I'm trying to use H2O via R to build multiple models using subsets of one large-ish data set (~ 10GB). The data is one years worth of data and I'm trying to build 51 models (ie train on week 1, predict on week 2, etc.) with each week being about 1.5-2.5 million rows with 8 variables.
I've done this inside of a loop which I know is not always the best way in R. One other issue I found was that the H2O entity would accumulate prior objects, so I created a function to remove all of them except the main data set.
h2o.clean <- function(clust = localH2O, verbose = TRUE, vte = c()){
# Find all objects on server
keysToKill <- h2o.ls(clust)$Key
# Remove items to be excluded, if any
keysToKill <- setdiff(keysToKill, vte)
# Loop thru and remove items to be removed
for(i in keysToKill){
h2o.rm(object = clust, keys = i)
if(verbose == TRUE){
print(i);flush.console()
}
}
# Print remaining objects in cluster.
h2o.ls(clust)
}
The script runs fine for a while and then crashes - often with a complaint about running out of memory and swapping to disk.
Here's some pseudo code to describe the process
# load h2o library
library(h2o)
# create h2o entity
localH2O = h2o.init(nthreads = 4, max_mem_size = "6g")
# load data
dat1.hex = h2o.importFile(localH2O, inFile, key = "dat1.hex")
# Start loop
for(i in 1:51){
# create test/train hex objects
train1.hex <- dat1.hex[dat1.hex$week_num == i,]

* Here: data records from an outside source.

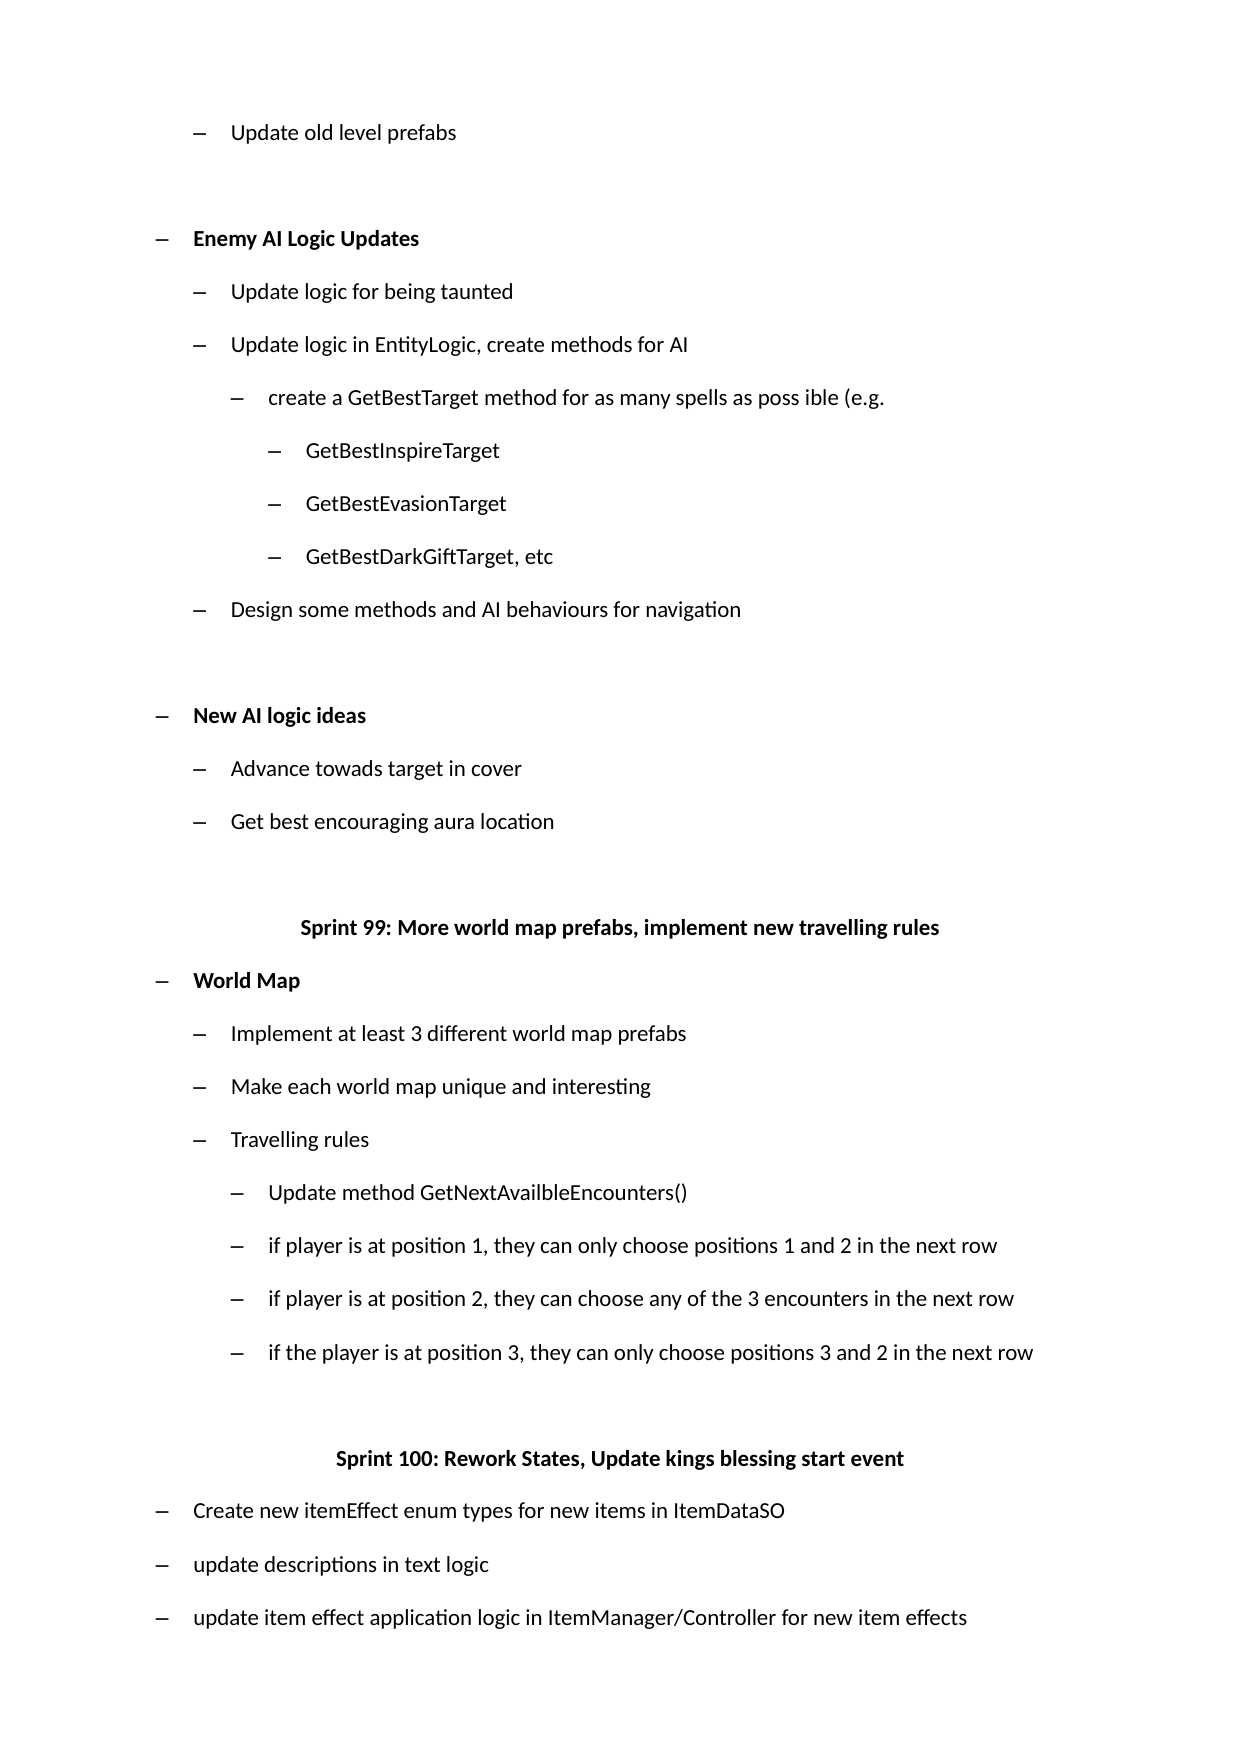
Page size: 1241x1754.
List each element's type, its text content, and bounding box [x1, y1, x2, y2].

list if the player is at position 3, they can only choose positions 3 and 2 in the next row [231, 1338, 1122, 1366]
list if player is at position 1, they can only choose positions 1 and 2 in the next row [231, 1232, 1122, 1259]
list GetBestEvasionTarget [268, 489, 1122, 517]
list Make each world map unique and interesting [193, 1072, 1122, 1101]
list Advance towads target in cover [193, 754, 1122, 782]
text Sprint 100: Rework States, Update kings blessing start event [118, 1444, 1122, 1472]
list update descriptions in text logic [156, 1550, 1122, 1578]
list New AI logic ideas [156, 701, 1122, 729]
list create a GetBestTarget method for as many spells as poss ible (e.g. [231, 383, 1122, 411]
list Get best encouraging aura location [193, 807, 1122, 835]
list GetBestInspireTarget [268, 436, 1122, 464]
list update item effect application logic in ItemManager/Controller for new item effects [156, 1603, 1122, 1631]
list Enemy AI Logic Updates [156, 224, 1122, 252]
list if player is at position 2, they can choose any of the 3 encounters in the next row [231, 1284, 1122, 1313]
list Implement at least 3 different world map prefabs [193, 1019, 1122, 1047]
list Update logic in EntityLogic, create methods for AI [193, 330, 1122, 358]
list Update old level prefabs [193, 118, 1122, 146]
list Update logic for being taunted [193, 277, 1122, 305]
list Create new itemEffect enum types for new items in ItemDataSO [156, 1497, 1122, 1525]
list Travelling rules [193, 1126, 1122, 1153]
list Update method GetNextAvailbleEncounters() [231, 1178, 1122, 1207]
list Design some methods and AI behaviours for navigation [193, 595, 1122, 623]
list World Map [156, 966, 1122, 994]
list GetBestDarkGiftTarget, etc [268, 542, 1122, 570]
text Sprint 99: More world map prefabs, implement new travelling rules [118, 913, 1122, 941]
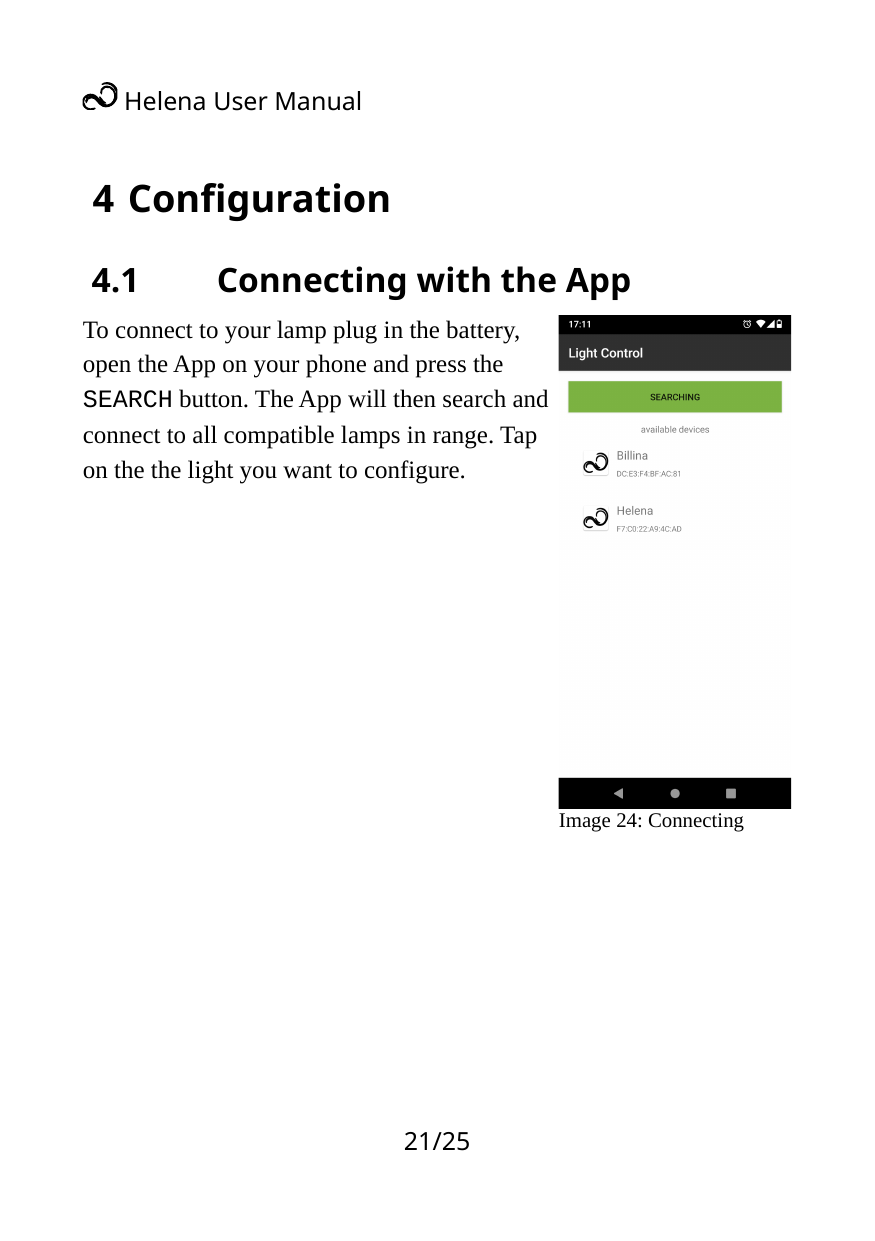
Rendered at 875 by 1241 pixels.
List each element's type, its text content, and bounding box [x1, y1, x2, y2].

subtitle Connecting with the App [83, 257, 791, 302]
text To connect to your lamp plug in the battery, open the App on your phone and press the SEARCH button. The App will then search and connect to all compatible lamps in range. Tap on the the light you want to configure. [83, 315, 791, 843]
text Image 24: Connecting [559, 809, 791, 832]
subtitle Configuration [83, 172, 791, 223]
picture [558, 315, 792, 809]

test1.hex <- dat1.hex[dat1.hex$week_num == i + 1,]
# train gbm
dat1.gbm <- h2o.gbm(y = 'click_target2', x = xVars, data = train1.hex
, nfolds = 3
, importance = T
, distribution = 'bernoulli'
, n.trees = 100
, interaction.depth = 10,
, shrinkage = 0.01
)
# calculate out of sample performance
test2.hex <- cbind.H2OParsedData(test1.hex,h2o.predict(dat1.gbm, test1.hex))
colnames(test2.hex) <- names(head(test2.hex))
gbmAuc <- h2o.performance(test2.hex$X1, test2.hex$click_target2)@model$auc
# clean h2o entity
h2o.clean(clust = localH2O, verbose = F, vte = c('dat1.hex'))
} # end loop
My question is what, if any, is the correct way to manage data and memory in a stand alone entity (this is NOT running on hadoop or a cluster - just a large EC2 instance (~ 64gb RAM + 12 CPUs)) for this type of process? Should I be killing and recreating the H2O entity after each loop (this was original process but reading data from file every time adds ~ 10 minutes per iteration)? Is there a proper way to garbage collect or release memory after each loop?
Any suggestions would be appreciated.